Showing posts with label Xabi Alonso. Show all posts

Tuesday, January 13, 2026

After Jeddah, a Reckoning: Why Xabi Alonso Failed and What Álvaro Arbeloa Must Redefine at Real Madrid

The Spanish Super Cup final in Jeddah was never just another Clásico. It was a verdict.

For the second consecutive season, Real Madrid were undone by Barcelona, falling 3–2 under the Saudi lights at Alinma Bank Stadium. On paper, it was a narrow defeat. In reality, it was the culmination of a flawed idea, tactical, psychological, and structural. Less than 24 hours later, Xabi Alonso was gone.

The club called it a “mutual agreement.” History will call it something else: an admission that elegance alone does not govern the Bernabéu.

The Night Madrid Lost Its Shape

Alonso’s final act was emblematic of his tenure, brave in conception, brittle in execution. For the first time this season, Madrid defended in a back five, with Aurélien Tchouaméni converted into a third centre-back. The idea was understandable. The outcome was inevitable.

Tchouaméni, for all his intelligence, is not a central defender built to absorb prolonged pressure from elite forwards like Robert Lewandowski or wide attackers like Raphinha. He has been exposed there before. This was not innovation; it was denial.

Worse still, the defensive reconfiguration hollowed out the midfield. A backline patched together with midfielders and inexperienced defenders collapsed not only under Barcelona’s pressure, but under its own imbalance. Madrid did not merely defend poorly; they disconnected themselves from the game.

This is where Alonso’s philosophy collapsed. His Madrid were meant to be lethal in transition, powered by the speed of Vinícius Júnior and Rodrygo. But transitions require a bridge. And that bridge once bore the names of Toni Kroos and Luka Modrić. Without them, Madrid’s buildup often died at first touch, possession surrendered before momentum could even form.

Alonso asked his players to play chess without a board.

The Mbappé Paradox: Star Power Without Structure

Nothing captures Madrid’s current contradiction more starkly than Kylian Mbappé.

At 29 goals for the season, Mbappé remains devastating. Yet Madrid are, uncomfortably, more cohesive without him. When a natural striker like Gonzalo García leads the line, the geometry of the attack improves. Defenders are pinned. Vinícius gains space. The box becomes occupied rather than ornamental.

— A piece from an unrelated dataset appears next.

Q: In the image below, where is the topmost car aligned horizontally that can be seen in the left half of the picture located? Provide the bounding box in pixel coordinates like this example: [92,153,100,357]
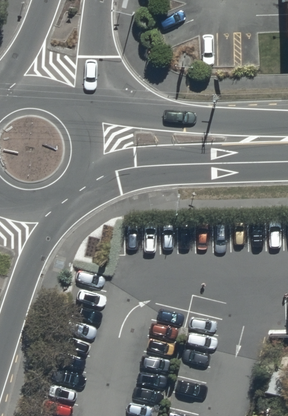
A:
[76,272,105,288]
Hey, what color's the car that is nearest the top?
blue

Mbappé, by contrast, too often drifts to the edge of the penalty area, static, expectant, detached from the game’s pulse unless the ball arrives perfectly at his feet. Stop Vinícius on the left, and Madrid’s attack collapses into predictability.

The answer is not to bench Mbappé. It is to redefine him. Arbeloa must demand that Madrid’s most luminous star rediscover the instincts of a true No. 9, movement without the ball, aggression between centre-backs, discomfort imposed rather than avoided. Without that evolution, Madrid will continue to win matches but lose finals.

Valverde and the Myth of Infinite Utility

Federico Valverde has become Madrid’s universal solvent, right-back, winger, midfielder, and emergency defender. Against Barcelona, he was everywhere and nowhere. Nine completed passes in 68 minutes is not versatility; it is disappearance.

Valverde’s gift has never been volume, but direction: diagonals that stretch play, carries that ignite transitions, energy that reshapes tempo. Used as a plug rather than a pillar, he solves nothing. If Arbeloa wants balance, Valverde must return to being a midfielder first, a solution second.

Even Thibaut Courtois completing more progressive passes than Madrid’s No. 8 should sound alarm bells inside Valdebebas.

Why Arbeloa Is Not Alonso and Why That Matters

The irony is striking: no player shared more minutes with Alonso than Álvaro Arbeloa. Across club and country, they spent over 20,000 minutes together on the pitch. Yet Arbeloa is not Alonso’s continuation. He is his counterpoint.

Alonso arrived with a pedigree, Bundesliga champion, tactical modernist, Guardiola-adjacent. Arbeloa arrives with something Madrid has always valued just as much: institutional memory and moral authority.

His coaching education is rooted in Madrid’s academy, shaped by the unforgiving clarity of youth football. Win duels. Create chances. Suffer together. His philosophical idols reveal more. From José Mourinho, he absorbed siege mentality and absolute loyalty to the squad. From Carlo Ancelotti, he learned man-management without softness, structure without suffocation.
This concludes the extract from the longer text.